The question of whether older adults show modulation of alpha power attendant to filtering non-target stimuli to the same extent as young adults remains relatively unsettled. In the visual modality, prior work has suggested that, as compared to young adults, older adults have diminished alpha modulation following a spatial cue during tasks of target detection (Hong, Sun, Bengson, Mangun, & Tong, 2015) and change detection (Vaden, Hutcheson, McCollum, Kentros, & Visscher, 2012). However, also with visual stimuli, it has been reported that older adults have intact modulation of alpha relative to young adults in response to a retro-cue during memory retention (Mok, Myers, Wallis, & Nobre, 2016), and in response to a spatial cue that remains visible to participants in a delayed match-to-sample task (Leenders, Lozano-Soldevilla, Roberts, Jensen, & De Weerd, 2016). As a further complication, Sander, Werkle-Bergner, and Lindenberger (2012) found that during the retention period of a delayed match-to-sample task, both older and young adults’ EEG showed spatial cue-related alpha modulation at lower memory loads, only young adults’ EEG showed modulation at higher memory loads. Unfortunately, in most of these studies, behavioral performance was at ceiling levels for young and older adults, or did not differ between older and young adults, making it impossible to discern if modulation of alpha activity is a necessary correlate of task success. After all, it is known that young and older adults could have equivalent performance on a behavioral task, but may engage different cognitive processes and recruit different neurobiological mechanisms to achieve similar levels of performance (e.g., Della-Maggiore et al., 2000). In addition, these studies were conducted with visual stimuli, which is easier for researchers to correct for age-related perceptual degradation (e.g., glasses, contact lenses). As a result, work in vision may not generalize to an auditory modality, particularly speech (Weisz, Hartmann, Müller, Lorenz, & Obleser, 2011).
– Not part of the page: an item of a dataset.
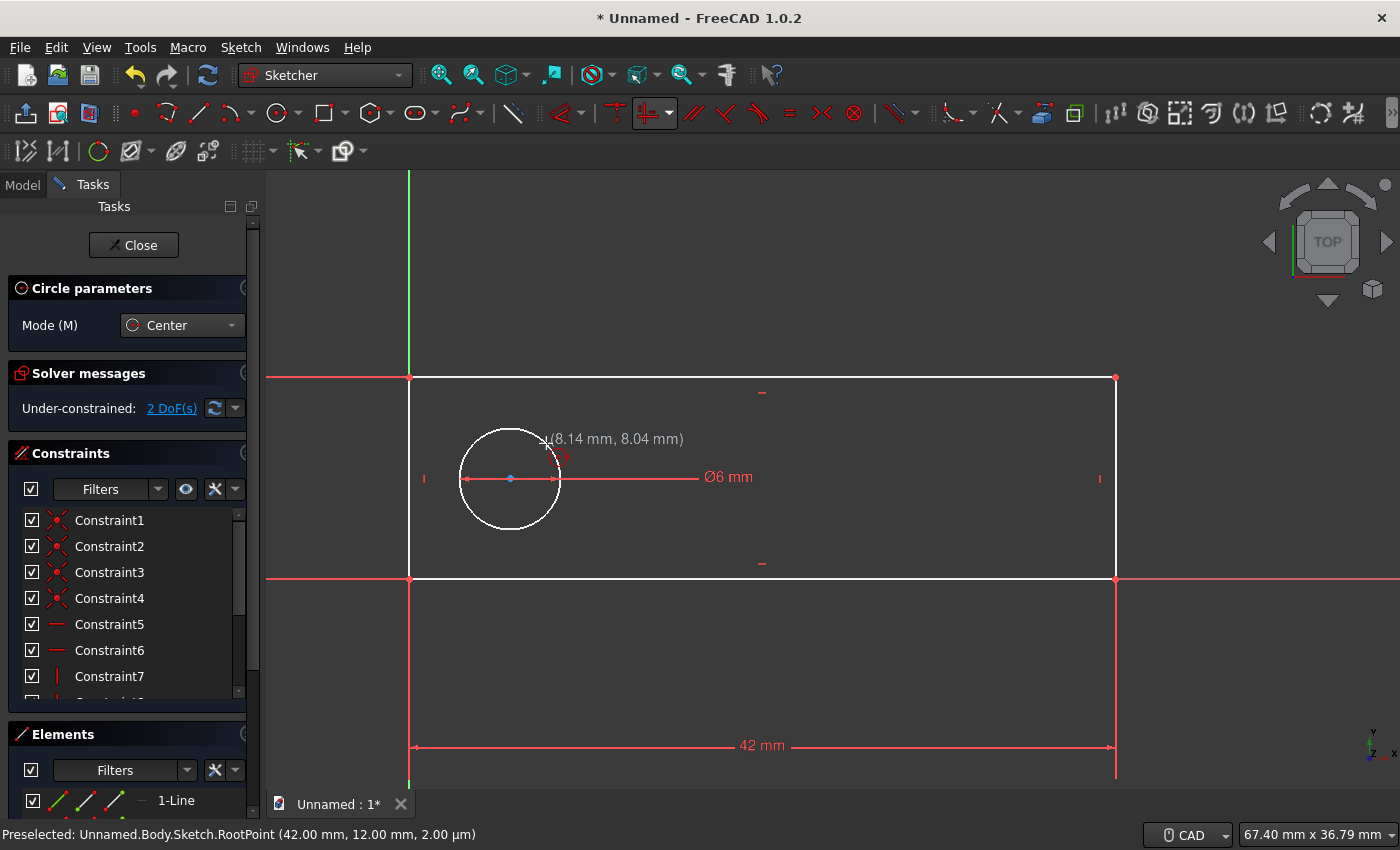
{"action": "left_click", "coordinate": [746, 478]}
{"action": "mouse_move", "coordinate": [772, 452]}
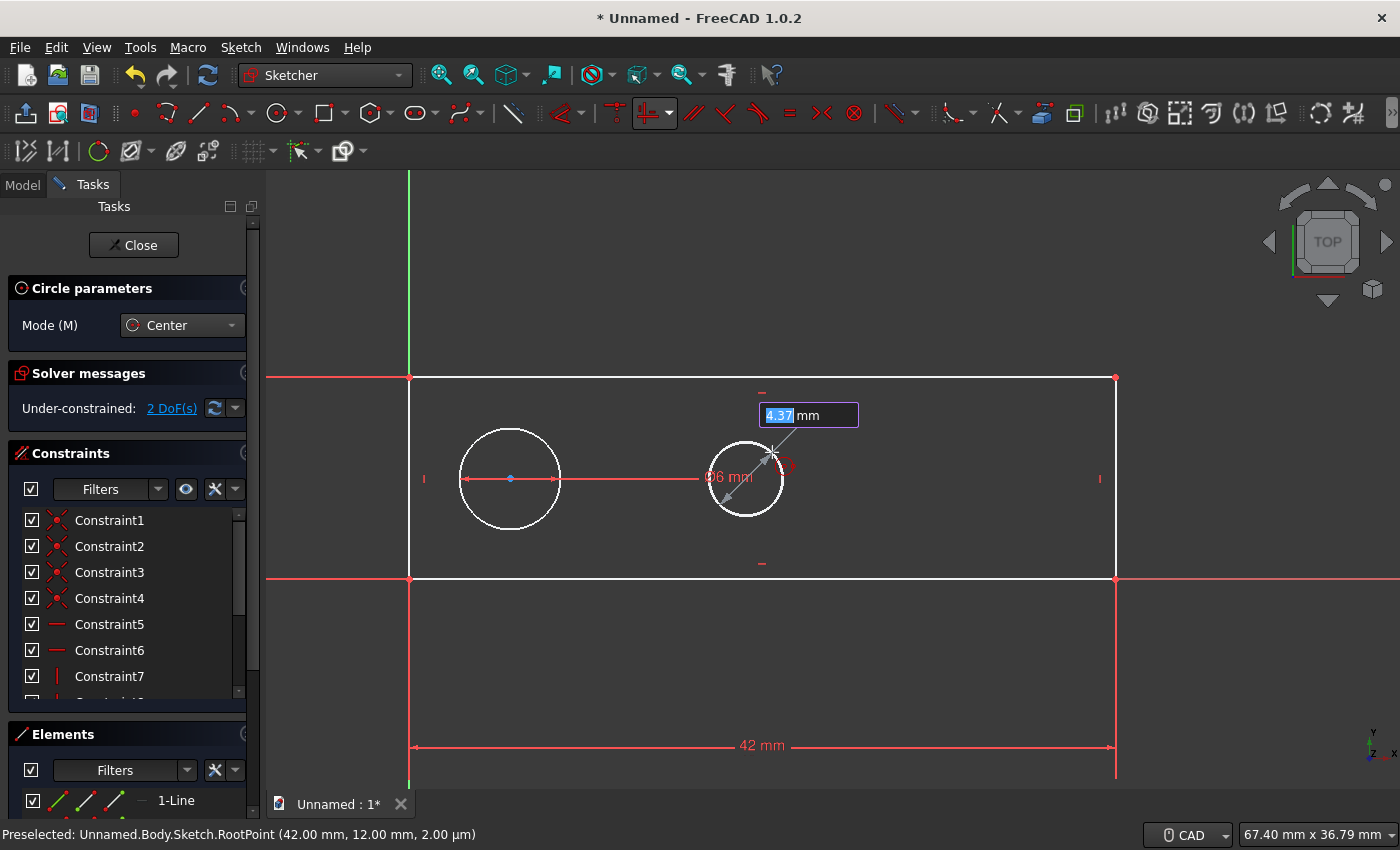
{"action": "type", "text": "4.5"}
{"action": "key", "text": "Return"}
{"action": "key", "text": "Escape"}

In addition to our focus on age-related effects pertaining to alpha power and modulation during encoding of dichotically presented stimuli, we were also interested in how short-term recognition probes during the DDLT would evoke responses from the brains of young and older adults. As reported by Danker et al. (2008), and others (for a review, see Rugg, 1995), recently presented words evoke more positive event-related potentials (ERPs) than new words, an effect that has been termed the “ERP old-new effect.” The DDLT utilized by Payne et al. (2016) is a short-term recognition task, although probes have the additional categorization of being “new,” “attended,” or “unattended,” as opposed to simply “old” and “new.” In this task, participants report “yes” or “no” as to whether the probe was presented in the to-be-attended channel. Little work has examined the extent to which attending to or ignoring a word during dichotic encoding affects ERPs. We wished to examine whether older adults’ like young adults’ ERPs would distinguish between probes that were attended, unattended, or new during the DDLT.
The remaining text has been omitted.